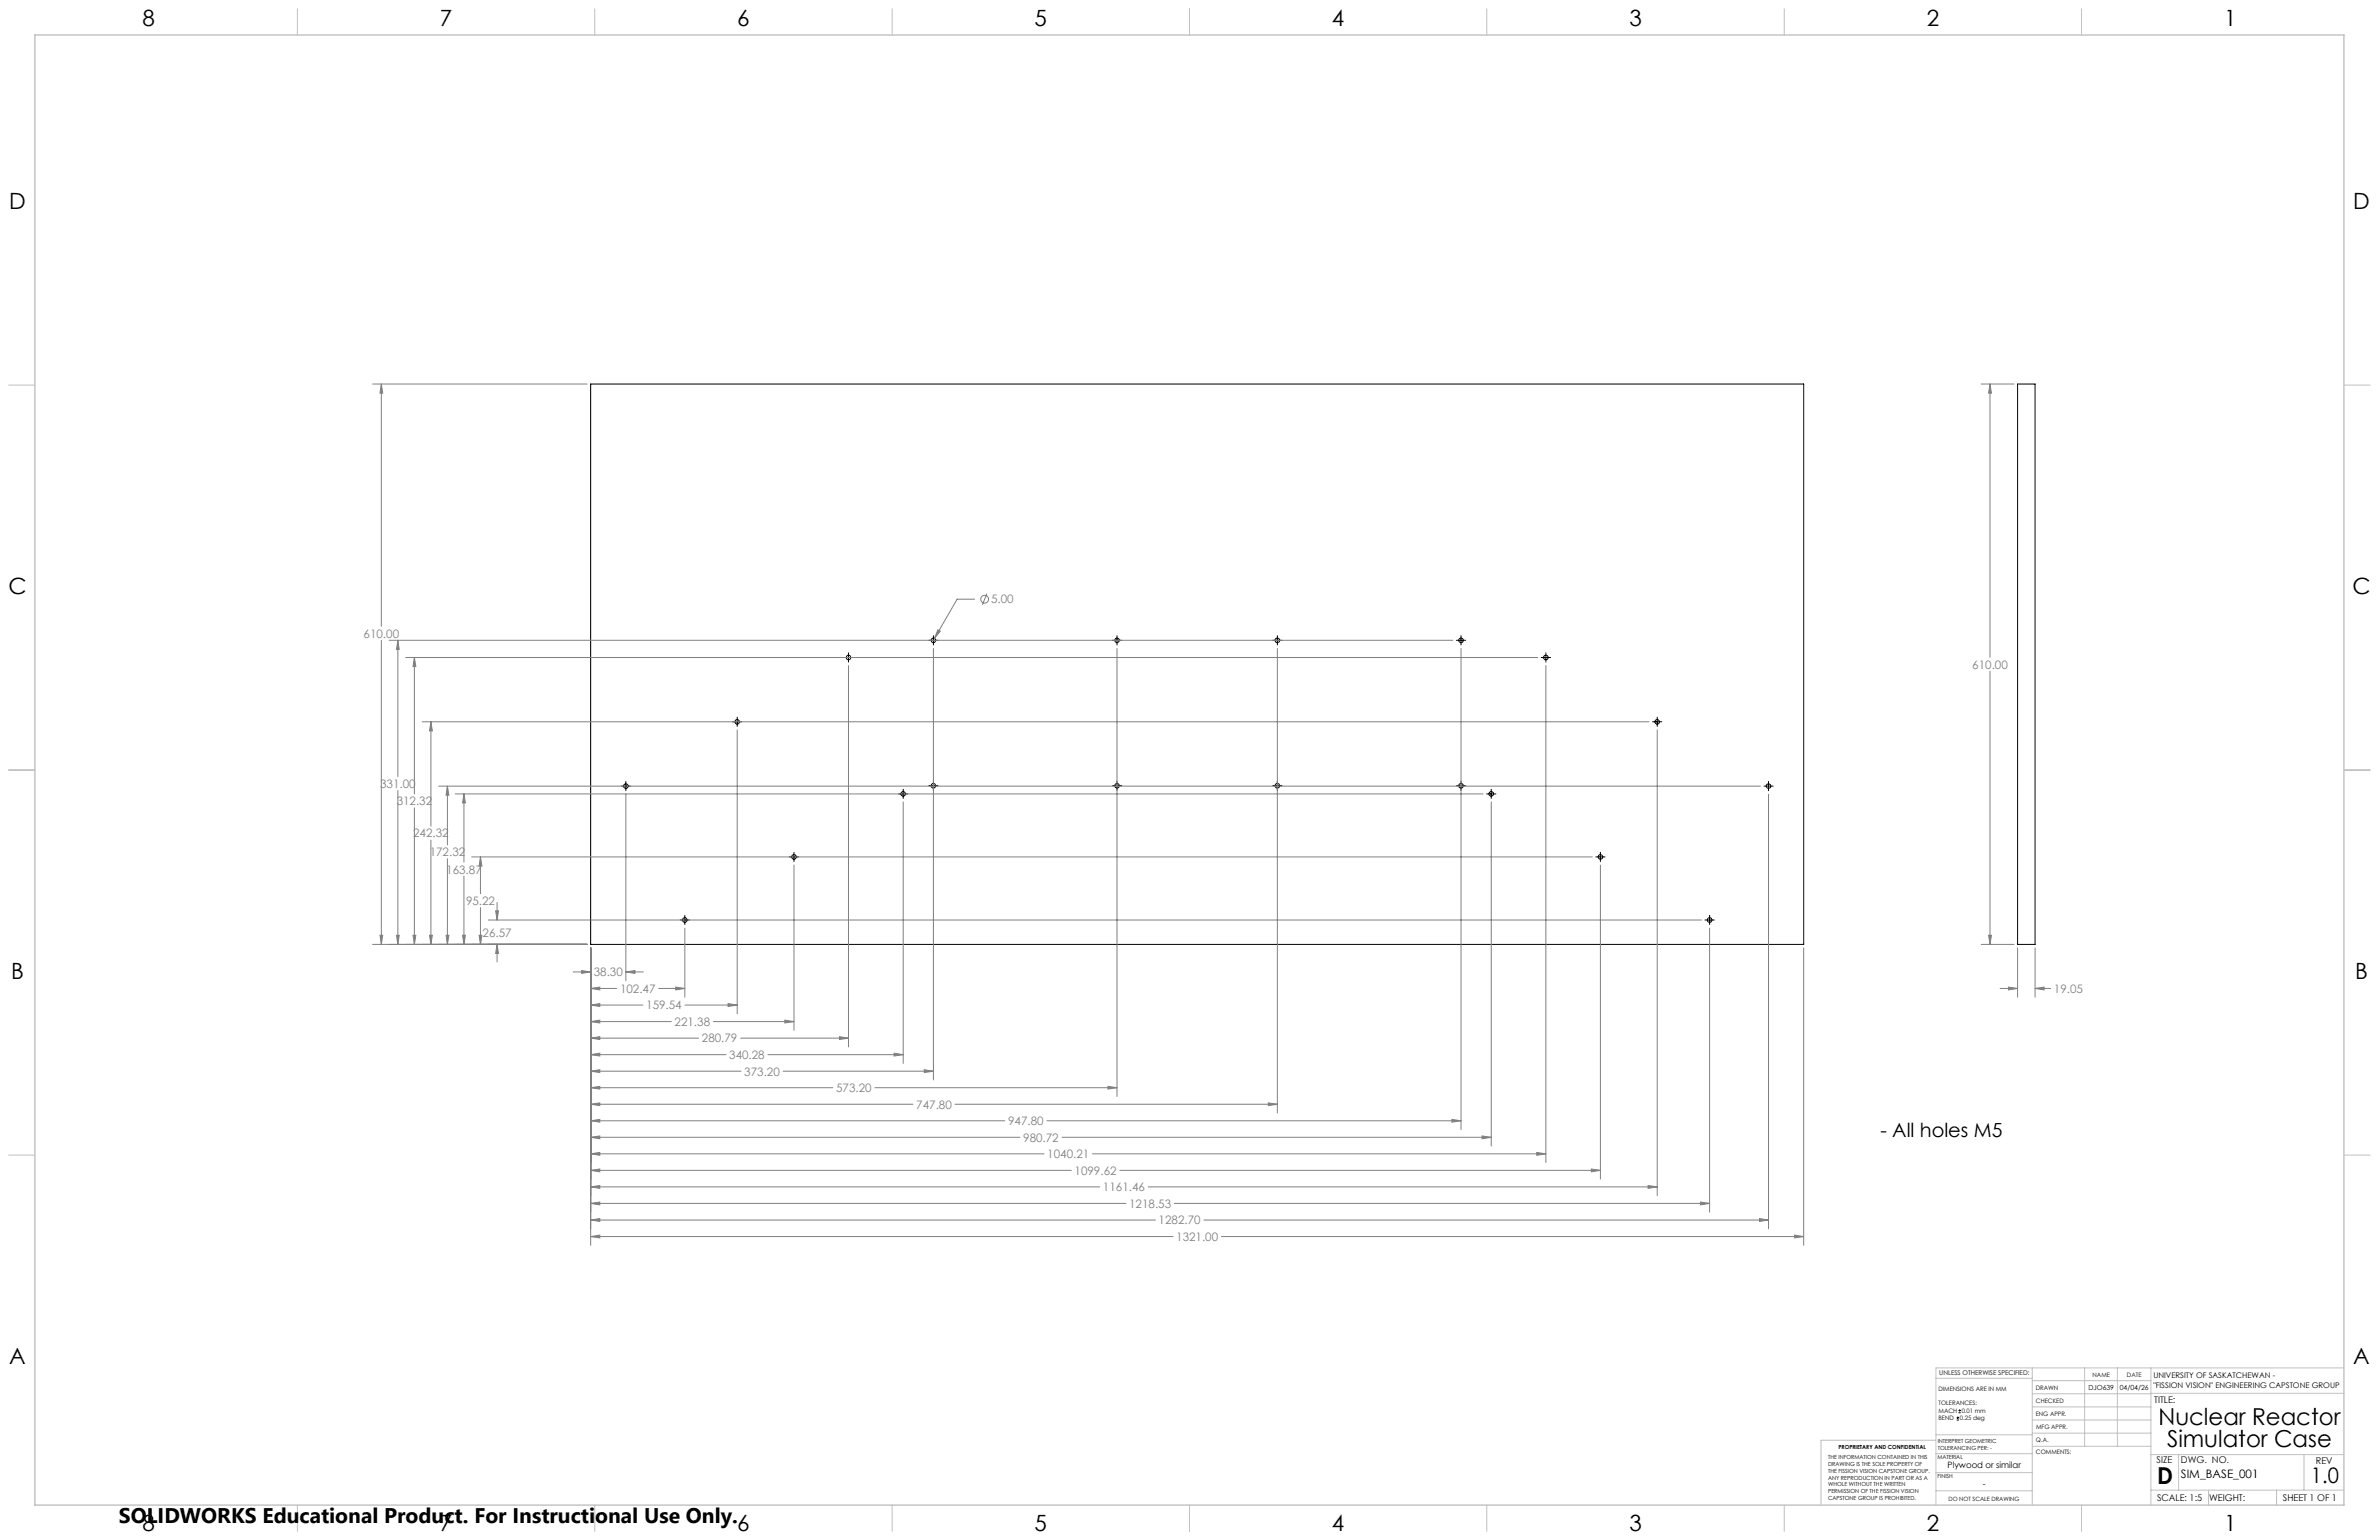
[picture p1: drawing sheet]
<svg xmlns="http://www.w3.org/2000/svg" width="864mm" height="559mm" viewBox="0 0 864 559" stroke-linecap="round" stroke-linejoin="round" font-family="sans-serif">
<defs><g id="words">
<g font-size="8.5">
<text x="783.6" y="517.1">Nuclear Reactor</text>
<text x="786.7" y="525.2">Simulator Case</text>
<text x="783.1" y="538.4">D</text>
</g>
<g font-size="8.1">
<text x="51.7" y="9.3">8</text>
<text x="159.7" y="9.3">7</text>
<text x="267.6" y="9.3">6</text>
<text x="375.6" y="9.3">5</text>
<text x="483.5" y="9.3">4</text>
<text x="591.5" y="9.3">3</text>
<text x="699.4" y="9.3">2</text>
<text x="807.4" y="9.3">1</text>
<text x="3.3" y="76">D</text>
<text x="854.2" y="76">D</text>
<text x="3" y="215.7">C</text>
<text x="853.9" y="215.7">C</text>
<text x="4" y="355.4">B</text>
<text x="854.9" y="355.4">B</text>
<text x="3.3" y="495.1">A</text>
<text x="854.2" y="495.1">A</text>
<text x="51.7" y="555.4">8</text>
<text x="159.7" y="555.4">7</text>
<text x="267.6" y="555.4">6</text>
<text x="375.6" y="555.4">5</text>
<text x="483.5" y="555.4">4</text>
<text x="591.5" y="555.4">3</text>
<text x="699.4" y="555.4">2</text>
<text x="807.4" y="555.4">1</text>
</g>
<text font-size="7.8" x="838.9" y="538.1">1.0</text>
<text font-size="7.7" x="43.2" y="552.5">SOLIDWORKS Educational Product. For Instructional Use Only.</text>
<text font-size="7.1" x="682.6" y="412.7">- All holes M5</text>
<g font-size="4.2" fill="#808080">
<text x="359.8" y="219">5.00</text>
<text x="132" y="231.4">610.00</text>
<text x="716" y="242.6">610.00</text>
<text x="138" y="285.9">331.00</text>
<text x="144" y="292.2">312.32</text>
<text x="150" y="303.9">242.32</text>
<text x="156" y="310.7">172.32</text>
<text x="162" y="317">163.87</text>
<text x="169.2" y="328.4">95.22</text>
<text x="175.2" y="339.8">26.57</text>
<text x="215.6" y="354.3">38.30</text>
<text x="225.1" y="360.3">102.47</text>
<text x="745.6" y="360.3">19.05</text>
<text x="234.6" y="366.3">159.54</text>
<text x="244.9" y="372.3">221.38</text>
<text x="254.8" y="378.3">280.79</text>
<text x="264.7" y="384.3">340.28</text>
<text x="270.2" y="390.3">373.20</text>
<text x="303.5" y="396.3">573.20</text>
<text x="332.6" y="402.3">747.80</text>
<text x="366" y="408.3">947.80</text>
<text x="371.4" y="414.3">980.72</text>
<text x="380.2" y="420.3">1040.21</text>
<text x="390.1" y="426.3">1099.62</text>
<text x="400.4" y="432.3">1161.46</text>
<text x="409.9" y="438.3">1218.53</text>
<text x="420.6" y="444.3">1282.70</text>
<text x="427" y="450.3">1321.00</text>
</g>
<text font-size="4.2" x="791.7" y="536.4">SIM_BASE_001</text>
<g font-size="3.4">
<text x="782" y="508.9">TITLE:</text>
<text x="782.9" y="531">SIZE</text>
<text x="791.7" y="531">DWG. NO.</text>
<text x="840.7" y="531.1">REV</text>
<text x="783" y="544.6">SCALE: 1:5</text>
<text x="801.9" y="544.7">WEIGHT:</text>
<text x="828.7" y="544.6">SHEET 1 OF 1</text>
</g>
<g font-size="3.2">
<text x="707" y="532.7">Plywood or similar</text>
<text x="719.7" y="539.5">-</text>
</g>
<g font-size="2.8">
<text x="781.7" y="500">UNIVERSITY OF SASKATCHEWAN -</text>
<text x="781.7" y="503.8">&quot;FISSION VISION&quot; ENGINEERING CAPSTONE GROUP</text>
</g>
<g font-size="2.5">
<text x="758.1" y="504.2">DJO639</text>
<text x="769.5" y="504.3">04/04/26</text>
</g>
<text font-size="2.4" x="704" y="499.1">UNLESS OTHERWISE SPECIFIED:</text>
<g font-size="2.2">
<text x="759.6" y="499.5">NAME</text>
<text x="772.1" y="499.6">DATE</text>
<text x="703.7" y="504.7">DIMENSIONS ARE IN MM</text>
<text x="703.7" y="510">TOLERANCES:</text>
<text x="739" y="504.3">DRAWN</text>
<text x="739.1" y="509.2">CHECKED</text>
<text x="703.7" y="512.6">MACH</text>
<text x="703.7" y="515.3">BEND</text>
<text x="711.4" y="515.3">0.25 deg</text>
<text x="712.1" y="512.6">0.01 mm</text>
<text x="739" y="513.8">ENG APPR.</text>
<text x="739.1" y="518.6">MFG APPR.</text>
<text x="739.1" y="523.3">Q.A.</text>
<text x="739.1" y="527.5">COMMENTS:</text>
</g>
<text font-size="2.1" x="707.3" y="544.5">DO NOT SCALE DRAWING</text>
<g font-size="2">
<text x="667.4" y="525.7">PROPRIETARY AND CONFIDENTIAL</text>
<text x="703.4" y="523.5">INTERPRET GEOMETRIC</text>
<text x="703.4" y="526">TOLERANCING PER: -</text>
<text x="663.6" y="529.3">THE INFORMATION CONTAINED IN THIS</text>
<text x="663.6" y="531.8">DRAWING IS THE SOLE PROPERTY OF</text>
<text x="703.3" y="529.6">MATERIAL</text>
<text x="663.6" y="534.3">THE FISSION VISION CAPSTONE GROUP.</text>
<text x="663.6" y="536.8">ANY REPRODUCTION IN PART OR AS A</text>
<text x="663.6" y="539.4">WHOLE WITHOUT THE WRITTEN</text>
<text x="703.3" y="536.4">FINISH</text>
<text x="663.6" y="541.9">PERMISSION OF THE FISSION VISION</text>
<text x="663.6" y="544.4">CAPSTONE GROUP IS PROHIBITED.</text>
</g>
</g></defs>
<g fill="none" stroke="#000" stroke-width=".36">
<path d="M214.4 139.3h440.4v203.4h-440.4zM732.4 139.3h6.4v203.4h-6.4zM306.4 238.6h3.3M308 236.9v3.3M337.1 232.3h3.4M338.8 230.7v3.3M403.8 232.3h3.4M405.5 230.7v3.3M462 232.3h3.4M463.7 230.7v3.3M528.7 232.3h3.3M530.4 230.7v3.3"/>
<path d="M559.5 238.6h3.4M561.2 236.9v3.3M265.9 261.9h3.4M267.6 260.2v3.4M599.9 261.9h3.3M601.6 260.2v3.4M225.5 285.3h3.4M227.2 283.6v3.3M326.2 288.1h3.3M327.9 286.4v3.3M337.1 285.1h3.4M338.8 283.5v3.3"/>
<path d="M403.8 285.1h3.4M405.5 283.5v3.3M462 285.1h3.4M463.7 283.5v3.3M528.7 285.1h3.3M530.4 283.5v3.3M539.6 288.1h3.4M541.3 286.4v3.3M640.3 285.3h3.4M642 283.6v3.3M286.5 310.9h3.4M288.2 309.3v3.3"/>
<path d="M579.3 310.9h3.3M581 309.3v3.3M246.9 333.8h3.4M248.6 332.1v3.4M618.9 333.8h3.4M620.6 332.1v3.4M710.3 515.3h.8M710.3 514.5h.8M710.7 514v.9M711 512.6h.8M711 511.8h.8M711.4 511.4v.8"/>
<circle cx="308" cy="238.6" r=".82"/>
<circle cx="338.8" cy="232.4" r=".83"/>
<circle cx="405.5" cy="232.4" r=".83"/>
<circle cx="463.7" cy="232.4" r=".84"/>
<circle cx="530.4" cy="232.4" r=".84"/>
<circle cx="561.2" cy="238.6" r=".83"/>
<circle cx="267.6" cy="261.9" r=".84"/>
<circle cx="601.6" cy="261.9" r=".84"/>
<circle cx="227.2" cy="285.2" r=".83"/>
<circle cx="327.9" cy="288.1" r=".83"/>
<circle cx="338.8" cy="285.1" r=".84"/>
<circle cx="405.5" cy="285.1" r=".84"/>
<circle cx="463.7" cy="285.1" r=".84"/>
<circle cx="530.4" cy="285.1" r=".84"/>
<circle cx="541.3" cy="288.1" r=".84"/>
<circle cx="642" cy="285.2" r=".82"/>
<circle cx="288.2" cy="310.9" r=".84"/>
<circle cx="581" cy="310.9" r=".84"/>
<circle cx="248.6" cy="333.8" r=".82"/>
<circle cx="620.6" cy="333.8" r=".83"/>
</g>
<g fill="none" stroke="#808080" stroke-width=".36">
<path d="M135.3 139.3h77.8M138.4 139.3l.5 3.4h-1zM138.4 139.3v88M719.2 139.3h11.9M722.4 139.3l.5 3.4h-1zM722.4 139.3v99.2M353.8 217.4h-6.3l-8.3 14.2M358.2 215.4l-1.6 4.1M138.4 232.3v110.4M141.3 232.3h386.1M144.4 232.3l.5 3.4h-1zM144.4 232.3v49.5"/>
<path d="M147.2 238.6h411M150.4 238.6l.6 3.3h-1.1zM150.4 238.6v49.5M338.8 235.3v156.6M340.5 228.5l.8 .5-2.1 2.6zM405.5 235.3v162.6M463.7 235.3v168.6M530.4 235.3v174.6M308 241.5v138.4M561.2 241.5v180.4M722.4 243.5v99.2M153.2 261.9h445.4"/>
<path d="M156.4 261.9l.6 3.3h-1.1zM156.4 261.9v37.9M267.6 264.9v103M601.6 264.9v168.9M144.4 286.8v55.9M150.4 293.2v49.5M159.2 285.3h479.9M162.4 285.3l.5 3.2h-1zM162.4 285.3v21.3M165.2 288.1h373.2M168.4 288.1l.5 3.3h-1zM168.4 288.1v24.7"/>
<path d="M227.2 288.2v67.6M327.9 291v94.9M541.3 291v124.9M642 288.2v157.7M156.4 304.8v37.9M162.4 311.6v31.1M168.4 317.9v24.8M171.2 310.9h406.8M174.4 310.9l.5 3.4h-1zM174.4 310.9v13.4M288.2 313.9v60M581 313.9v113.9"/>
<path d="M137.9 339.4h1l-.5 3.3zM143.9 339.4h1l-.5 3.3zM149.9 339.4h1.1l-.6 3.3zM155.9 339.4h1.1l-.6 3.3zM161.9 339.4h1l-.5 3.3zM167.9 339.4h1l-.5 3.3zM173.9 339.4h1l-.5 3.3zM174.4 329.3v13.4M177.2 333.8h440.4M179.9 330.5h1l-.5 3.3zM180.4 327.5v6.3M248.6 336.8v25"/>
<path d="M620.6 336.8v103M721.9 339.4h1l-.5 3.3zM135.3 342.7h77.8M180.4 342.7l.5 3.3h-1zM180.4 342.7v6.3M208.1 352.7h6.3M211.1 352.2l3.3 .5-3.3 .5zM214.4 358.7l3.3-.5v1zM214.4 344v107.9M214.4 358.7h9.5M227.2 352.7l3.3-.5v1zM227.2 352.7h6.3"/>
<path d="M239.1 358.7h9.5M245.3 358.2l3.3 .5-3.3 .5zM654.8 344v107.9M719.2 342.7h11.9M726.1 358.7h6.3M729.1 358.2l3.3 .5-3.3 .5zM732.4 344v17.8M738.8 358.7l3.2-.5v1zM738.8 358.7h5.6M738.8 344v17.8M214.4 364.7l3.3-.5v1zM214.4 370.7l3.3-.5v1z"/>
<path d="M214.4 376.7l3.3-.5v1zM214.4 364.7h19M214.4 370.7h29.3M214.4 376.7h39.2M248.6 364.7h19M258.9 370.7h29.3M264.3 364.2l3.3 .5-3.3 .5zM268.9 376.7h39.1M284.9 370.2l3.3 .5-3.3 .5zM304.7 376.2l3.3 .5-3.3 .5zM214.4 382.7l3.3-.5v1zM214.4 388.7l3.3-.5v1z"/>
<path d="M214.4 394.7l3.3-.5v1zM214.4 382.7h49.1M214.4 388.7h54.6M214.4 394.7h87.9M278.8 382.7h49.1M284.3 388.7h54.5M317.6 394.7h87.9M324.6 382.2l3.3 .5-3.3 .5zM335.5 388.2l3.3 .5-3.3 .5zM402.2 394.2l3.3 .5-3.3 .5zM214.4 400.7l3.3-.5v1zM214.4 406.7l3.3-.5v1z"/>
<path d="M214.4 412.7l3.3-.5v1zM214.4 418.7l3.3-.5v1zM214.4 400.7h117M214.4 406.7h150.4M214.4 412.7h155.8M214.4 418.7h164.6M346.7 400.7h117M380 406.7h150.4M385.5 412.7h155.8M396.6 418.7h164.6M460.4 400.2l3.3 .5-3.3 .5zM527 406.2l3.4 .5-3.4 .5z"/>
<path d="M538 412.2l3.3 .5-3.3 .5zM557.8 418.2l3.4 .5-3.4 .5zM214.4 424.7l3.3-.5v1zM214.4 430.7l3.3-.5v1zM214.4 436.7l3.3-.5v1zM214.4 424.7h174.5M214.4 430.7h184.8M214.4 436.7h194.3M406.5 424.7h174.5M416.8 430.7h184.8M426.3 436.7h194.3M577.7 424.2l3.3 .5-3.3 .5z"/>
<path d="M598.3 430.2l3.3 .5-3.3 .5zM617.3 436.2l3.3 .5-3.3 .5zM214.4 442.7l3.3-.5v1zM214.4 448.7l3.3-.5v1zM214.4 442.7h205M214.4 448.7h211.4M437 442.7h205M443.4 448.7h211.4M638.7 442.2l3.3 .5-3.3 .5zM651.5 448.2l3.3 .5-3.3 .5z"/>
<circle cx="357.4" cy="217.4" r="1.41"/>
</g>
<g fill="none" stroke="#c0c0c0" stroke-width=".36">
<path d="M107.9 3.2v9.5M215.9 3.2v9.5M323.8 3.2v9.5M431.8 3.2v9.5M539.7 3.2v9.5M647.7 3.2v9.5M755.6 3.2v9.5M3.1 139.7h9.6M850.9 139.7h9.5M3.1 279.4h9.6M850.9 279.4h9.5M3.1 419.1h9.6"/>
<path d="M850.9 419.1h9.5M737.7 496.4v49.7M756.7 496.4v28.4M768.6 496.4v28.4M780.8 496.4v49.7M850.9 496.4h-148.1v49.7M702.8 500.1h34.9M737.7 510.5h43.1M737.7 505.7h43.1M737.7 501h43.1M737.7 515.3h43.1M780.8 505.6h70.1"/>
<path d="M702.6 522.6h-41.6v23.3M702.8 534.4h34.9M702.8 527.5h35M702.8 520.6h35M737.7 520h43.1M737.8 524.8h43M780.8 527.8h70.1M790.9 527.8v12.9M836.4 527.8v12.9M107.9 546.1v9.6M215.9 546.1v9.6M323.8 546.1v9.6"/>
<path d="M431.8 546.1v9.6M539.7 546.1v9.6M647.7 546.1v9.6M702.8 540.9h34.9M755.6 546.1v9.6M780.8 540.7h70.1M801.7 540.7v5.4M826.4 540.7v5.4"/>
</g>
<path d="M12.7 12.7h838.2v533.4h-838.2z" fill="none" stroke="#c0c0c0" stroke-width=".5"/>
<path d="M211.1 352.2l3.3 .5-3.3 .5zM227.2 352.7l3.3-.5v1zM214.4 358.7l3.3-.5v1zM245.3 358.2l3.3 .5-3.3 .5zM214.4 364.7l3.3-.5v1zM264.3 364.2l3.3 .5-3.3 .5zM214.4 370.7l3.3-.5v1zM284.9 370.2l3.3 .5-3.3 .5zM214.4 376.7l3.3-.5v1zM304.7 376.2l3.3 .5-3.3 .5zM214.4 382.7l3.3-.5v1zM324.6 382.2l3.3 .5-3.3 .5zM214.4 388.7l3.3-.5v1zM335.5 388.2l3.3 .5-3.3 .5zM214.4 394.7l3.3-.5v1zM402.2 394.2l3.3 .5-3.3 .5zM214.4 400.7l3.3-.5v1zM460.4 400.2l3.3 .5-3.3 .5zM214.4 406.7l3.3-.5v1zM527 406.2l3.4 .5-3.4 .5zM214.4 412.7l3.3-.5v1zM538 412.2l3.3 .5-3.3 .5zM214.4 418.7l3.3-.5v1zM557.8 418.2l3.4 .5-3.4 .5zM214.4 424.7l3.3-.5v1zM577.7 424.2l3.3 .5-3.3 .5zM214.4 430.7l3.3-.5v1zM598.3 430.2l3.3 .5-3.3 .5zM214.4 436.7l3.3-.5v1zM617.3 436.2l3.3 .5-3.3 .5zM214.4 442.7l3.3-.5v1zM638.7 442.2l3.3 .5-3.3 .5zM214.4 448.7l3.3-.5v1zM651.5 448.2l3.3 .5-3.3 .5zM180.4 342.7l.5 3.3h-1zM179.9 330.5h1l-.5 3.3zM173.9 339.4h1l-.5 3.3zM174.4 310.9l.5 3.4h-1zM167.9 339.4h1l-.5 3.3zM168.4 288.1l.5 3.3h-1zM161.9 339.4h1l-.5 3.3zM162.4 285.3l.5 3.2h-1zM155.9 339.4h1.1l-.6 3.3zM156.4 261.9l.6 3.3h-1.1zM149.9 339.4h1.1l-.6 3.3zM150.4 238.6l.6 3.3h-1.1zM143.9 339.4h1l-.5 3.3zM144.4 232.3l.5 3.4h-1zM137.9 339.4h1l-.5 3.3zM138.4 139.3l.5 3.4h-1zM340.5 228.5l-1.3 3.1 2.1-2.6zM729.1 358.2l3.3 .5-3.3 .5zM738.8 358.7l3.2-.5v1zM721.9 339.4h1l-.5 3.3zM722.4 139.3l.5 3.4h-1z" fill="#808080"/>
<use href="#words"/>
</svg>
────
**The problem:** Looking at the records above, work out how many lines contain "APPR". Give the number only.

**Solution for this exercise:** 2